Abstract

Geodetic and seismologic studies support a tectonic model for the central Himalaya wherein ∼2 cm/yr of Indo-Asian convergence is accommodated along the primary décollement under the range, the Main Himalayan thrust. A steeper midcrustal ramp in the Main Himalayan thrust is commonly invoked as driving rapid rock uplift along a range-parallel band in the Greater Himalaya. This tectonic model, developed primarily from studies in central Nepal, is commonly assumed to project along strike with little lateral variation in Main Himalayan thrust geometry or associated rock uplift patterns. Here, we synthesize multiple lines of evidence for a major discontinuity in the Main Himalayan thrust in western Nepal. Analysis of topography and seismicity indicates that west of ∼82.5°E, the single band of steep topography and seismicity along the Main Himalayan thrust ramp in central Nepal bifurcates around a high-elevation, low-relief landscape, resulting in a two-step topographic front along an ∼150 km segment of the central Himalaya.
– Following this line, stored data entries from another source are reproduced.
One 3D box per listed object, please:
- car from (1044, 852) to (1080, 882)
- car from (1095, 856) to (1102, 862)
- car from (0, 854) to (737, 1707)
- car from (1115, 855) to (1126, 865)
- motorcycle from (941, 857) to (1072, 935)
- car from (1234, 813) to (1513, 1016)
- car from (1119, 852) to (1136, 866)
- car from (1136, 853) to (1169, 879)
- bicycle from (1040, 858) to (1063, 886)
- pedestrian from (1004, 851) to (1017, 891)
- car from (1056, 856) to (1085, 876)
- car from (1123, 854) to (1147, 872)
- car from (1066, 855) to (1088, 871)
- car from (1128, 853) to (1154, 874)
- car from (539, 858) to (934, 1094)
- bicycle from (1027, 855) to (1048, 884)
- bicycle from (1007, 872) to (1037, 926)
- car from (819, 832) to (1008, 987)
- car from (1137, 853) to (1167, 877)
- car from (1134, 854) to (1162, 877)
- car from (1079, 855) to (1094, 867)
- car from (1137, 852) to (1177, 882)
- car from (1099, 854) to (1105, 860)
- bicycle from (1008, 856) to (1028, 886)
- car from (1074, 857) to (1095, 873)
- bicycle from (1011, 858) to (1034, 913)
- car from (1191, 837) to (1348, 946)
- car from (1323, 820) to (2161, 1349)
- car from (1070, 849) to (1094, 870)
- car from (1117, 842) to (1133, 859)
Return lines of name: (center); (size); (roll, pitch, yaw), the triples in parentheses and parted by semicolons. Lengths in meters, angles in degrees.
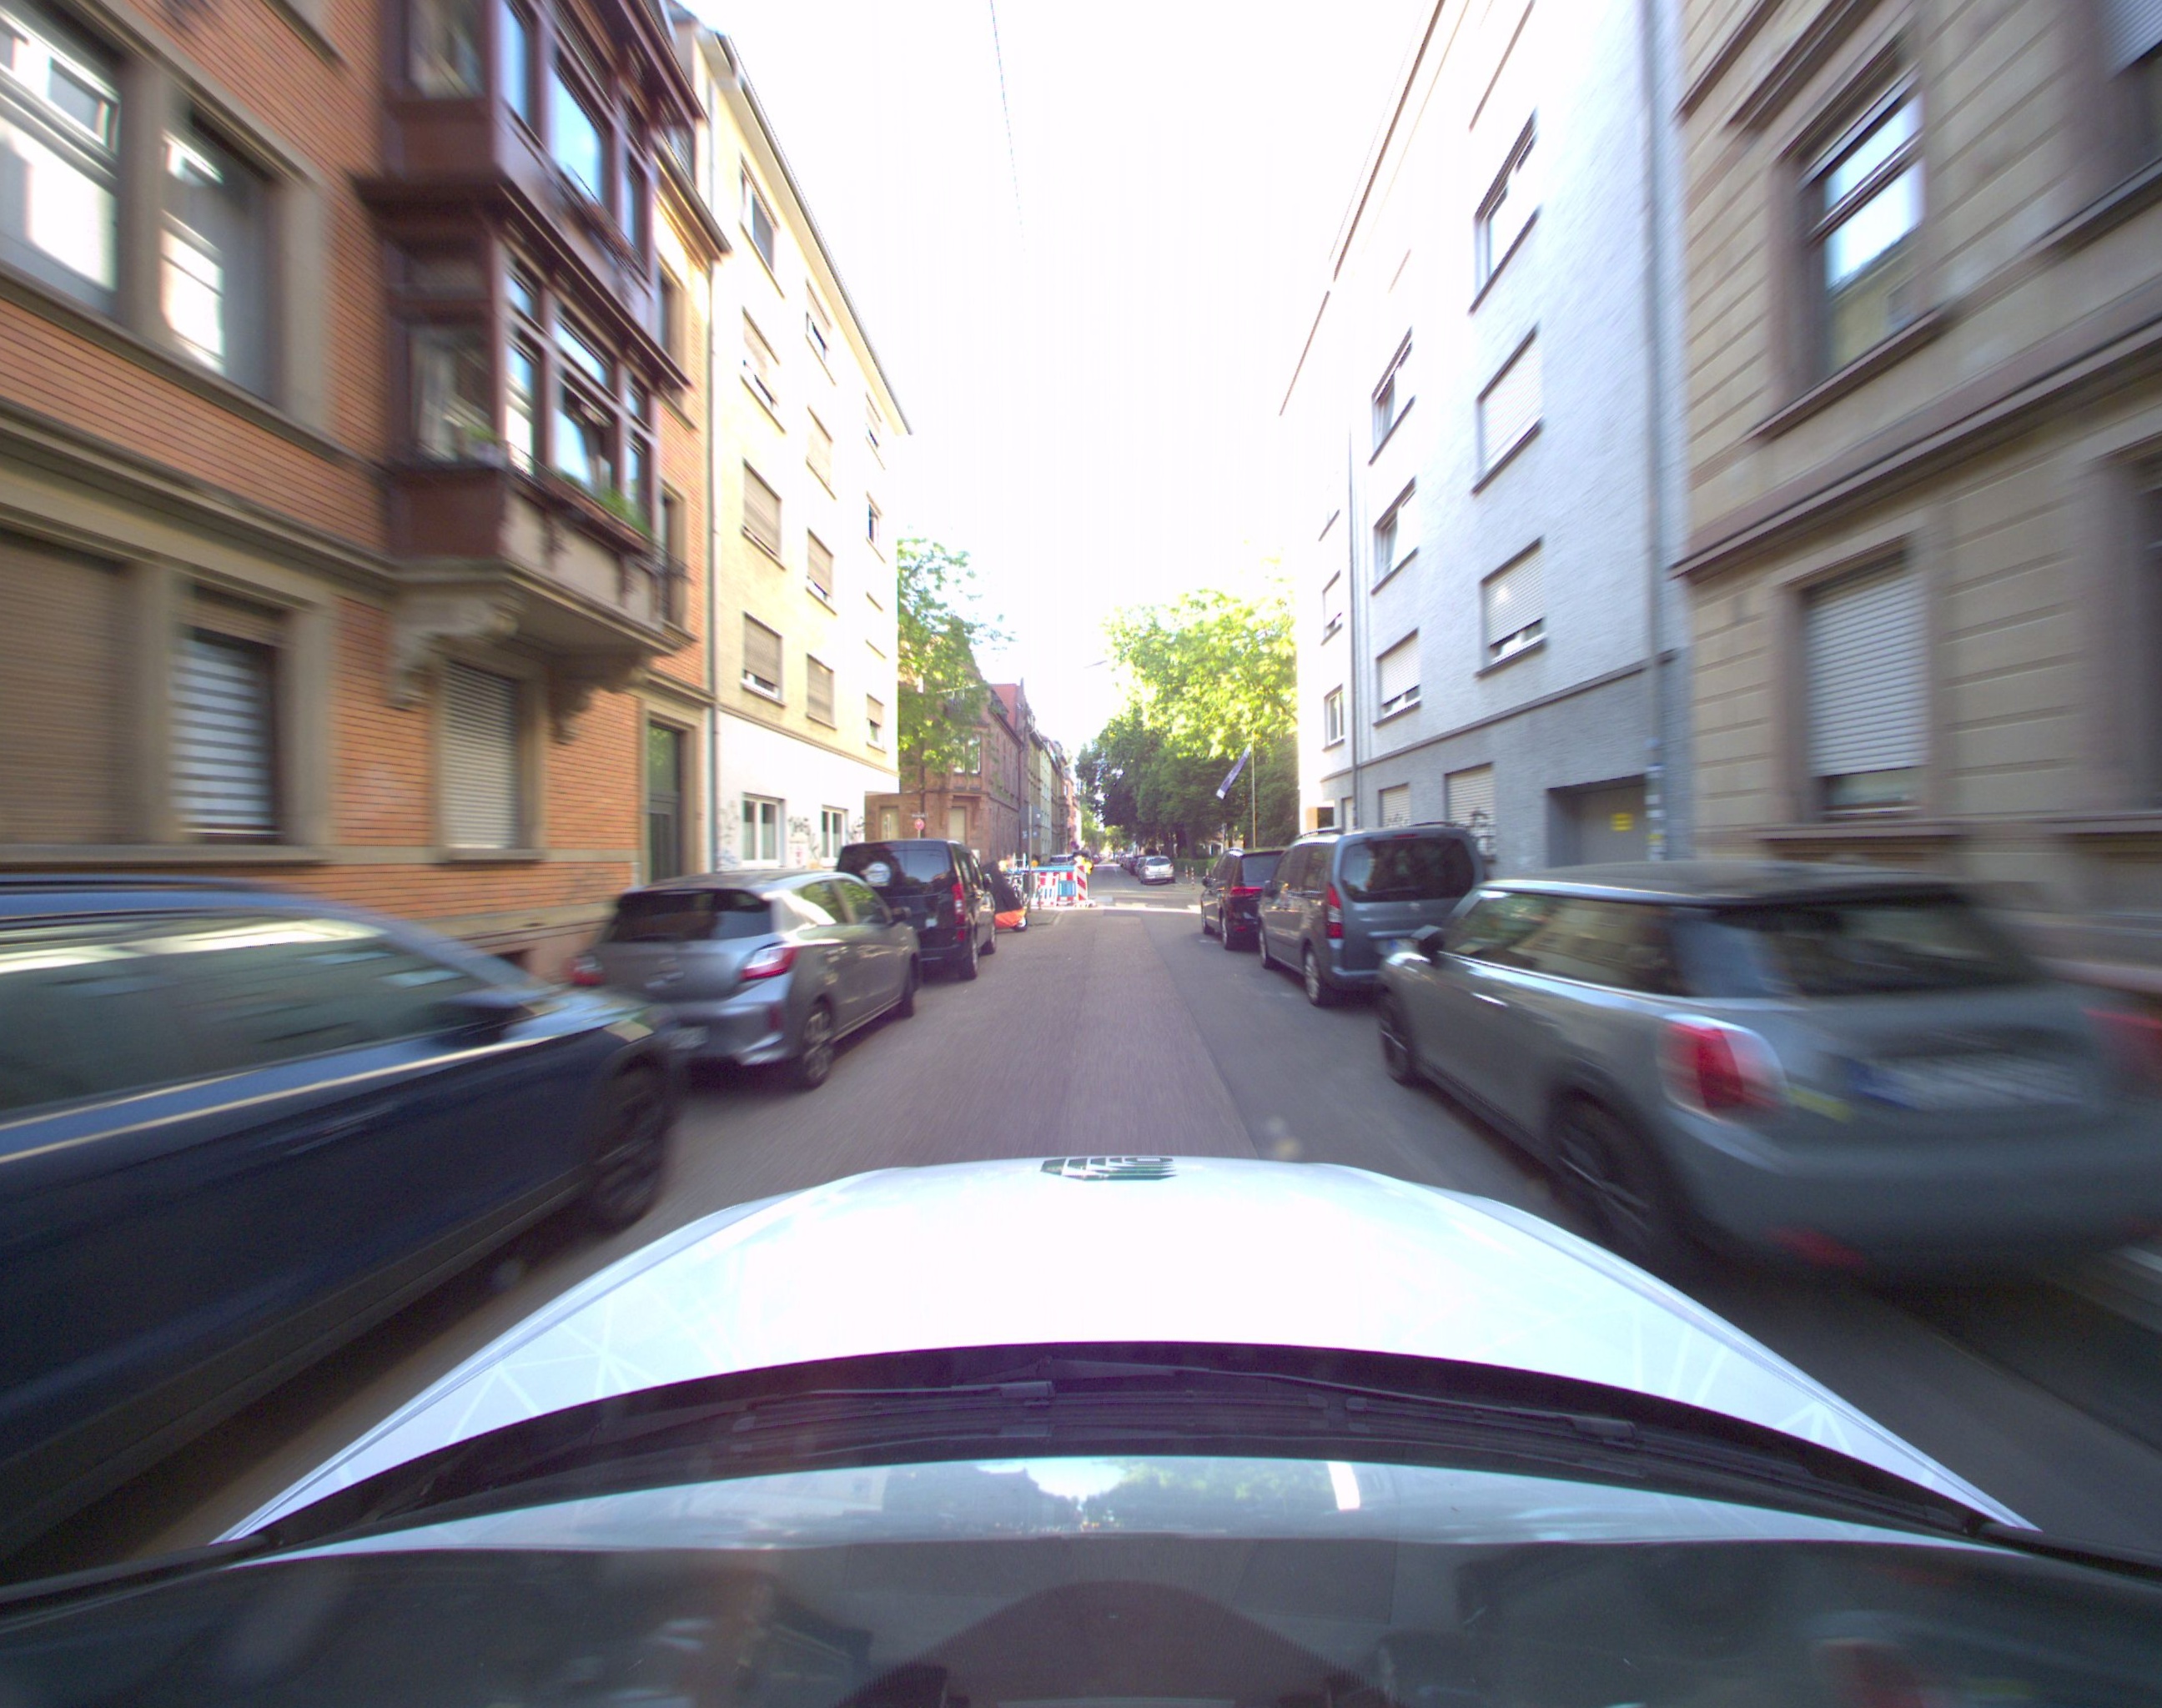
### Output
car: (-1.133, 0.807, 50.253); (1.874, 1.707, 4.002); (-2, -1, 3)
car: (5.046, 1.403, 235.663); (1.986, 1.647, 4.001); (-1, -1, 2)
car: (-2.873, 0.801, 2.303); (1.986, 1.552, 4.001); (-1, 0, 1)
car: (7.487, 1.134, 153.318); (1.986, 1.728, 4.001); (-1, 0, 1)
motorcycle: (-1.514, 0.821, 16.657); (2.524, 1.482, 0.896); (0, 0, -25)
car: (3.154, 0.550, 9.927); (1.747, 1.786, 4.725); (-3, 0, 2)
car: (5.457, 0.589, 96.581); (1.823, 1.703, 4.001); (-1, 0, 1)
car: (4.300, 0.737, 49.658); (1.717, 1.522, 4.000); (-1, -1, 1)
bicycle: (-1.484, 0.859, 40.544); (0.683, 1.345, 2.491); (-1, 0, -13)
pedestrian: (-3.156, 0.748, 36.343); (0.523, 1.740, 0.557); (-1, -1, -3)
car: (-0.770, 0.889, 61.327); (1.874, 1.411, 4.002); (-2, -1, 3)
car: (4.960, 0.830, 75.198); (1.986, 1.574, 4.000); (-1, -1, 1)
car: (-0.307, 0.800, 71.010); (1.765, 1.353, 4.001); (0, 0, 1)
car: (4.794, 0.769, 65.321); (1.887, 1.625, 4.001); (-1, -1, 1)
car: (-2.470, 0.763, 6.874); (1.670, 1.449, 3.646); (0, 0, 2)
bicycle: (-2.190, 0.753, 40.609); (0.573, 1.423, 2.491); (-1, 0, -14)
bicycle: (-1.336, 0.995, 18.629); (0.423, 1.140, 1.667); (2, 0, 3)
car: (-2.131, 0.644, 11.590); (1.813, 1.766, 4.333); (-1, 0, -1)
car: (4.757, 0.725, 55.293); (1.735, 1.574, 4.000); (-1, -1, 1)
car: (4.949, 0.840, 60.483); (1.834, 1.596, 4.001); (-1, 0, 1)
car: (0.761, 0.906, 108.966); (1.896, 1.574, 4.000); (-1, -1, 1)
car: (4.053, 0.680, 44.128); (1.718, 1.522, 3.998); (-1, 0, -1)
car: (6.748, 1.005, 257.768); (1.986, 1.647, 4.001); (-1, -1, 2)
bicycle: (-3.157, 0.827, 41.115); (0.680, 1.423, 2.799); (-1, 0, 2)
car: (0.412, 1.079, 79.905); (1.986, 1.574, 4.000); (-1, -1, 1)
bicycle: (-1.409, 0.734, 19.735); (0.398, 1.227, 1.505); (-1, 1, 1)
car: (3.163, 0.592, 14.610); (1.893, 1.640, 4.392); (-1, -1, 1)
car: (2.803, 0.676, 4.564); (1.746, 1.453, 4.292); (-5, 0, 3)
car: (0.194, 0.596, 88.325); (2.299, 2.114, 5.173); (-1, -1, 3)
car: (6.240, -0.470, 115.677); (2.153, 2.255, 4.526); (-1, -1, 1)

Although multiple models could explain this bifurcation, the full suite of data appears to be most consistent with a northward bend to the Main Himalayan thrust ramp and activation of a young duplex horse to the south. This poorly documented segmentation of the Main Himalayan thrust has important implications for the seismogenic potential of the western Nepal seismic gap and for models of the ongoing evolution of the orogen.